Tyler O'Neal, Staff Editor BIG DATA

Historical records of oil and gas leaks can lead to big improvements for future projects, Fuzhan Nasiri says

Oil and gas pipelines have become polarizing issues in Canada, but supporters and detractors alike can agree that the safer they are, the better.

Unfortunately, integrity and health are ongoing and serious problems for North America's pipeline infrastructure. According to the US Department of Transportation (DOT), there have been more than 10,000 pipeline failures in that country alone since 2002. Complicating safety measures are the cost and intensity of labor required to monitor the health of the thousands of kilometers of pipelines that criss-cross Canada and the United States.

In a recent paper in the Journal of Pipeline Systems Engineering and Practice, researchers at Concordia and the Hong Kong Polytechnic University look at the methodologies currently used by industry and academics to predict pipeline failure -- and their limitations. Fuzhan Nasiri: {module INSIDE STORY}

"In many of the existing codes and practices, the focus is on the consequences of what happens when something goes wrong," says Fuzhan Nasiri, associate professor in the Department of Building, Civil and Environmental Engineering at the Gina Cody School of Engineering and Computer Science.

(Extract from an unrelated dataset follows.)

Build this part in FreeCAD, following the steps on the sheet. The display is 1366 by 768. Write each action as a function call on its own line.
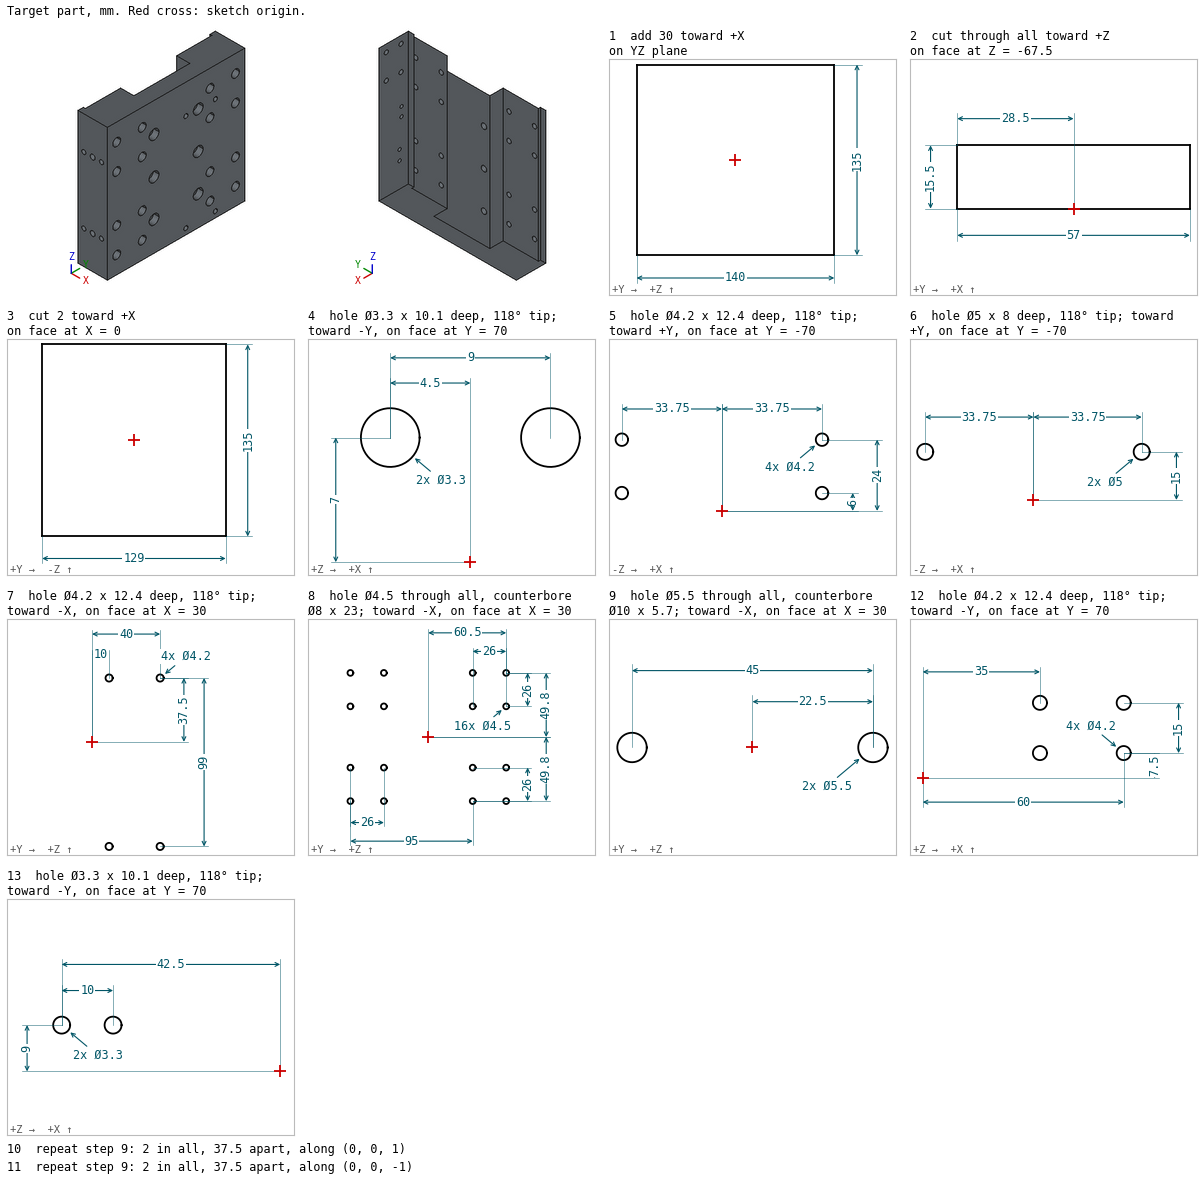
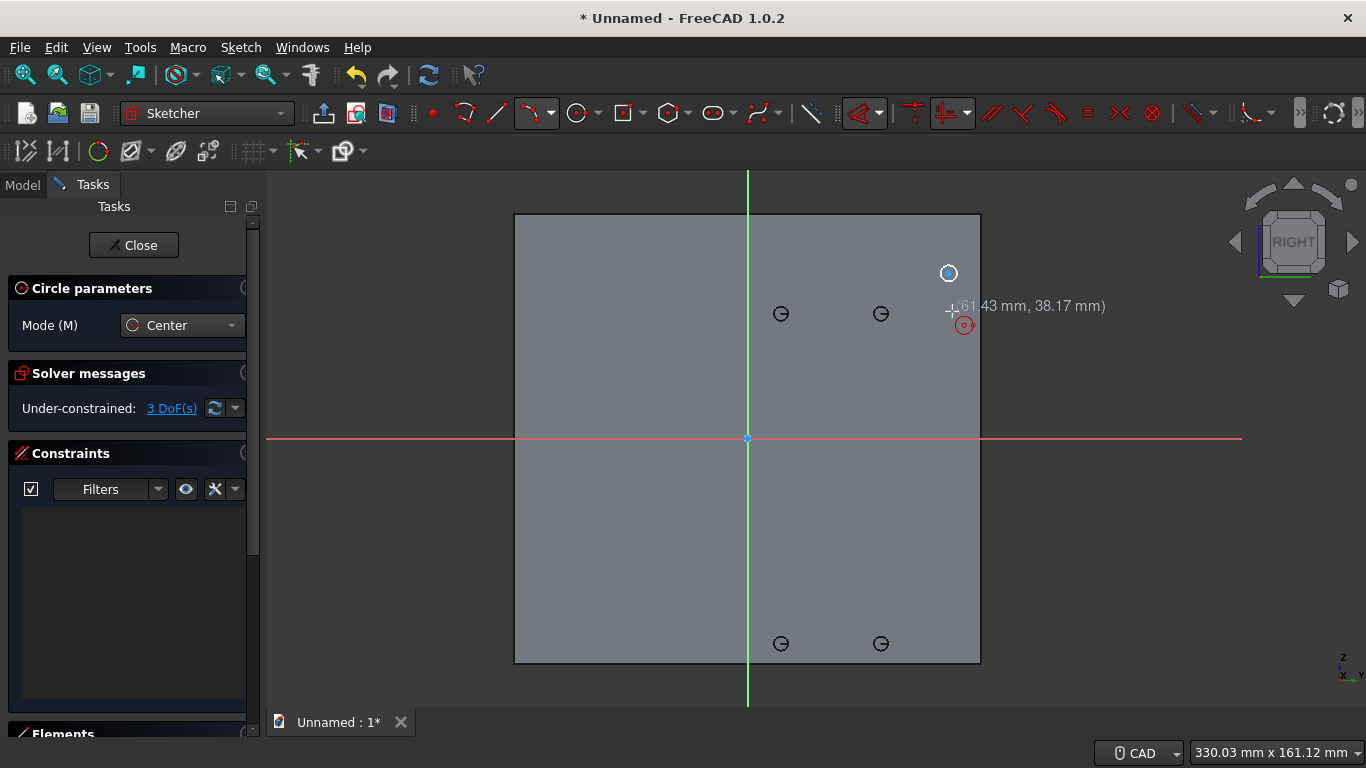
click(949, 359)

"Whenever there is a failure, investigators look at the pipeline's design criteria. But they often ignore the operational aspects and how pipelines can be maintained to minimize risks."

Nasiri, who runs the Sustainable Energy and Infrastructure Systems Engineering Lab, co-authored the paper with his Ph.D. student Kimiya Zakikhani and Hong Kong Polytechnic professor Tarek Zayed.

Safeguarding against corrosion

The researchers identified five failure types: mechanical, the result of design, material or construction defects; operational, due to errors and malfunctions; natural hazard, such as earthquakes, erosion, frost or lightning; third-party, meaning damage inflicted either accidentally or intentionally by a person or group; and corrosion, the deterioration of the pipeline metal due to environmental effects on pipe materials and acidity of oil and gas impurities. This last one is the most common and the most straightforward to mitigate.

Nasiri and his colleagues found that the existing academic literature and industry practices around pipeline failures need to further evolve around available maintenance data. They believe the massive amounts of pipeline failure data available via the DOT's Pipeline and Hazardous Materials Safety Administration can be used in the assessment process as a complement to manual in-line inspections.

These predictive models, based on decades' worth of data covering everything from pipeline diameter to metal thickness, pressure, average temperature change, location and timing of failure, could provide failure patterns. These could be used to streamline the overall safety assessment process and reduce costs significantly.

"We can identify trends and patterns based on what has happened in the past," Nasiri says. "And you could assume that these patterns could be followed in the future, but need certain adjustments for climate and operational conditions. It would be a chance-based model: given variables such as location and operational parameters as well as expected climatic characteristics, we could predict the overall chance of corrosion over a set time."

He adds that these models would ideally be consistent and industry-wide, and so transferrable in the event of pipeline ownership change -- and that research like this could influence industry practices.

"Failure prediction models developed based on reliability theory should be realistic. Using historical data (with adjustments) gets you closer to what happens in reality," he says.

"They can close the gap of expectations, so both planners and operators can have a better idea of what they could see over the lifespan of their structure."